- Born: 1975 (age 50–51) Belgrade, Serbia
- Occupation: law professor
- Employer(s): Chicago University, Yale University
- Known for: member of the UN Working Group on discrimination against women and girls
- Predecessor: Elizabeth Broderick on UN Working group

= Claudia Flores =

Serbian-born American law Professor

Claudia M. Flores is a Serbian-born American law Professor at Yale University. She is a member of the United Nations Working Group on discrimination against women and girls.

==Life==
Flores was born in Belgrade in 1975. She graduated from the University of Chicago in 1997 and in 2002 she left the New York University School of Law in Manhattan with a Juris Doctor.
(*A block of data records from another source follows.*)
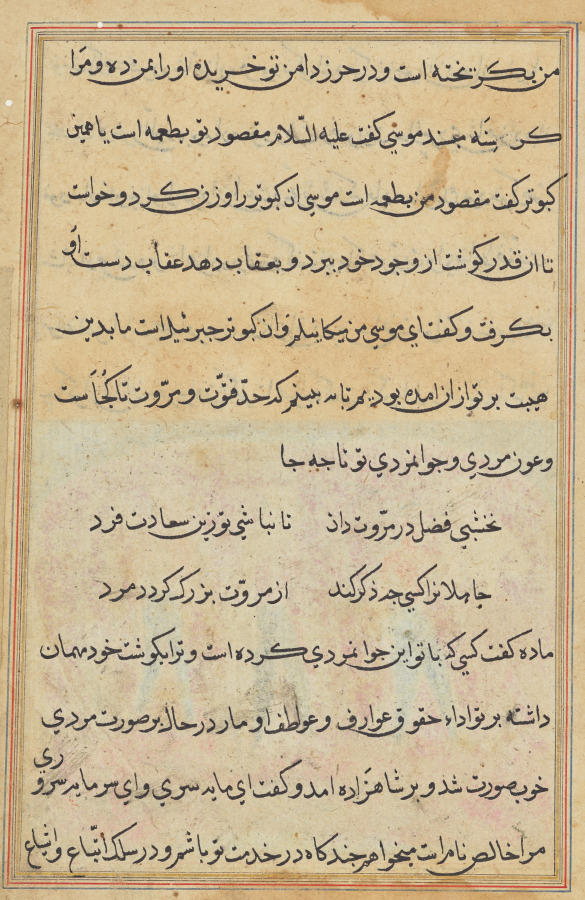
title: Page from Tales of a Parrot (Tuti-nama): text page
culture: Mughal India, court of Akbar (reigned 1556–1605)
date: c. 1560
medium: gum tempera, ink, and gold on paper
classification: Painting
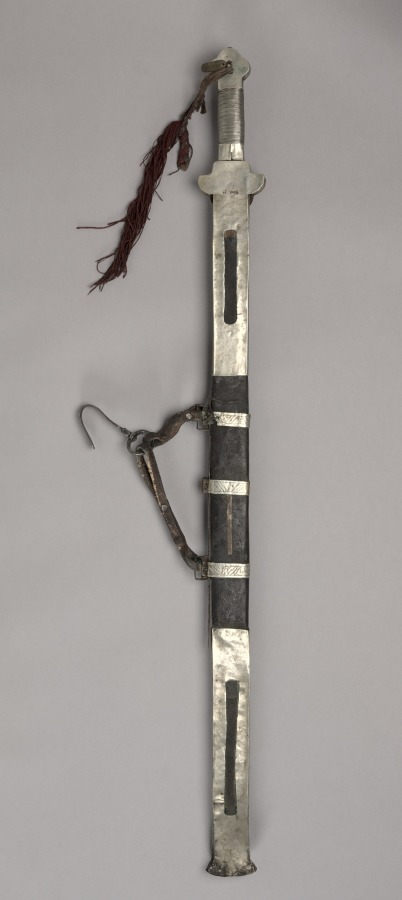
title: Sword
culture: Eastern Tibet
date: 1800s
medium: iron and silver with bone, turquoise, leather and brass
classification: Arms and Armor
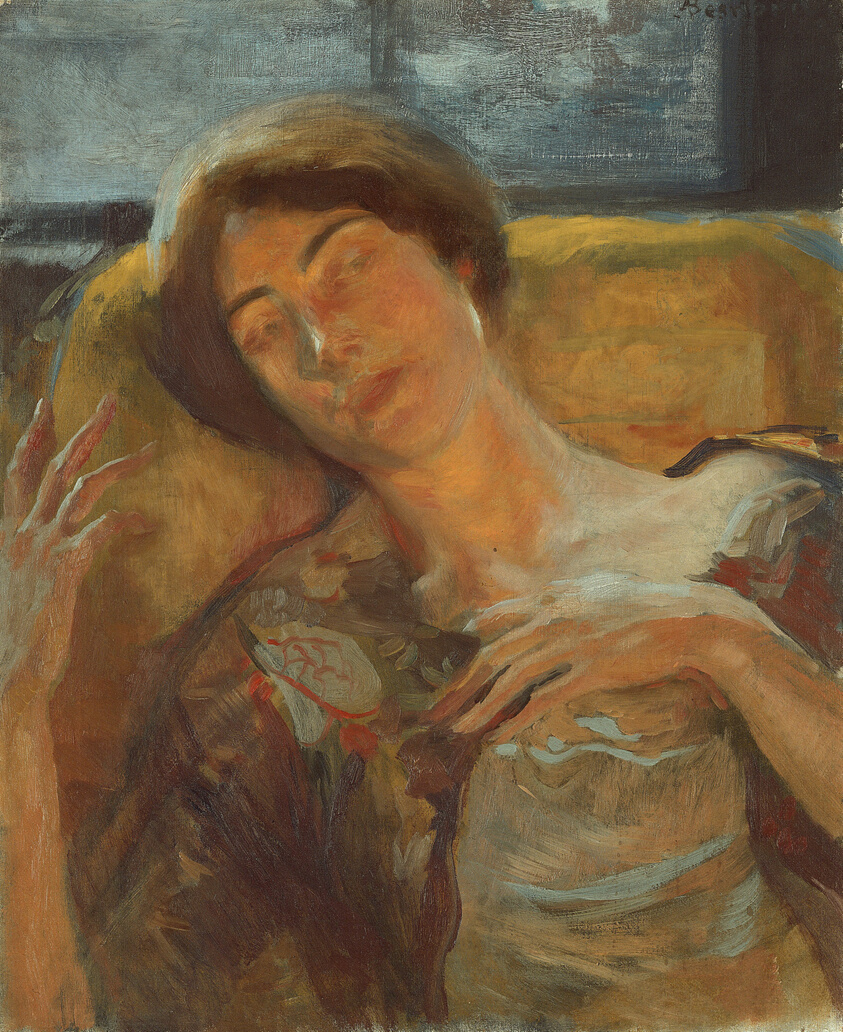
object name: Painting
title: Woman's Head
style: 19th century
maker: Albert Besnard (French, 1849–1934)
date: c. 1890
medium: Oil on cardboard
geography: France
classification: painting; french; oil on cardboard; paint; european painting
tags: woman, chair, interior, portrait, portraits: female subject, window
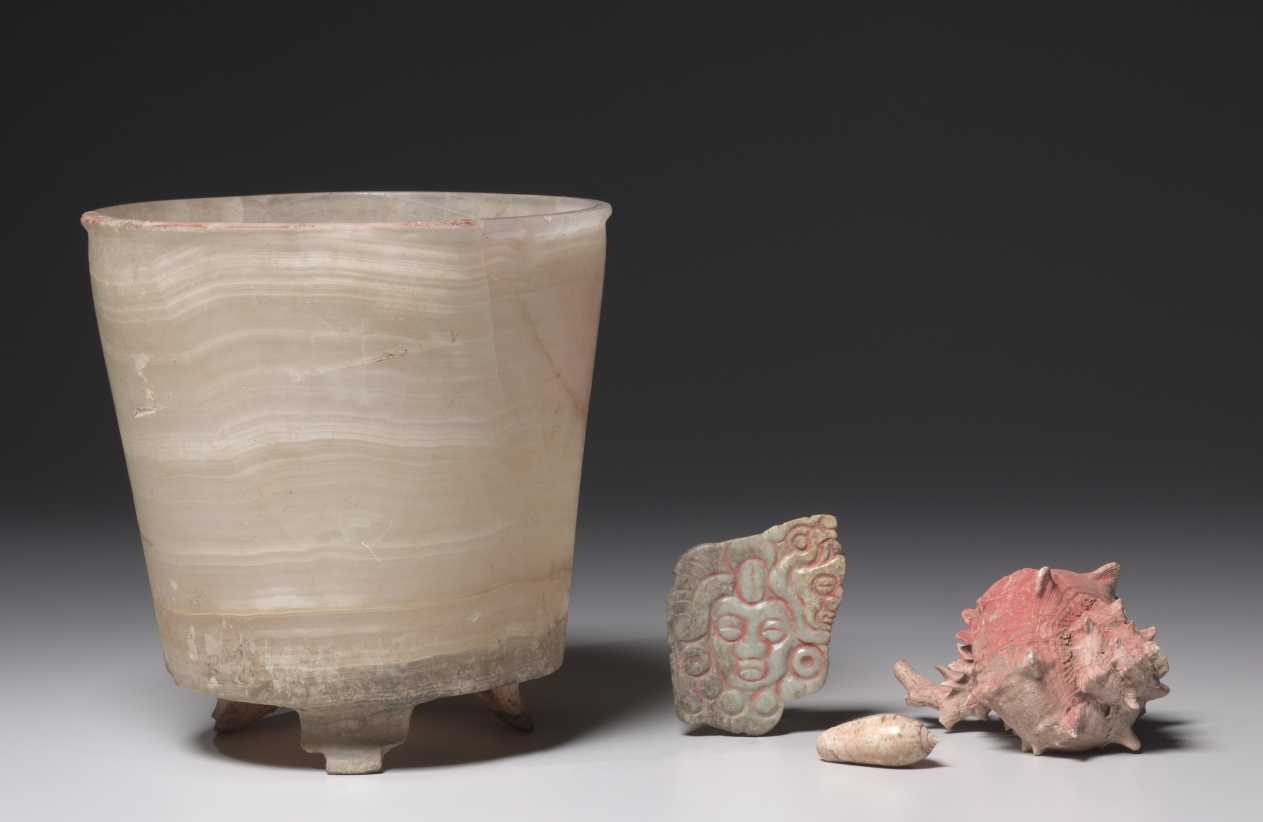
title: Offering Group: Vessel
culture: Mexico, Guerrero(?), San Jerónimo de Juárez, Xochicalco style
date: c. 800–1200(?)
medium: travertine or tecali
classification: Sculpture
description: The objects in this group, all with traces of red pigment, are said to have been found together, the shells and greenstone plaque inside the translucent stone vessel. A similar offering was found in a pyramid ornamented with feathered serpents at Xochicalco, a site south of the Valley of Mexico.

She was employed by the Chicago School of Law, her alma mater, as a Clinical Professor of Law and the Director of their Global Human Rights Clinic. At the clinic, Yale students work on real human rights cases. Flores was a visiting professor at Yale University. She and the Global Human Rights Clinic investigated the advice given to Alericam police after Amnesty found that there appeared to be no national or state advice. The students gathered the information for different states over six months. Flores and the Global Human Rights Clinic published a report about the use of force by American police forces titled Deadly Force: Police Use of Lethal Force in the United States. The report says that the police do not comply with international law concerning human rights.

She was appointed by the United Nations to join the Working Group on Discrimination against Women and Girls in 2023. She succeeded Elizabeth Broderick of Australia and she joined a small group of experts including Dorothy Estrada-Tanck who became the group's chair in October 2022.

In February 2022, she attended a human rights workshop at Yale as a visiting professor. Flores became a law professor at Yale University. She leads the Allard K. Lowenstein International Human Rights Clinic and the Orville H. Schell Jr. Center for International Human Rights at Yale.

In June 2024, she was one of the many UN experts who spoke out against the sale of arms to Israel as a result of the conflict in Gaza. The experts cautioned arms suppliers and finance companies that they would be implicated in human rights violations. The list included special reporteurs Reem Alsalem, Paula Gaviria Betancur, Tlaleng Mofokeng, Mary Lawlor, Astrid Puentes Riaño, Margaret Satterthwaite and Francesca Albanese. In August she was one of many UN Special Rapporteurs who signed an open letter to the "International community" on the third anniversary of the Taliban taking change in Afghanistan. They were concerned that the regime's human-rights abuses particularly against women and girls may become accepted. They encouraged the International Criminal Court to take urgent action against those responsible.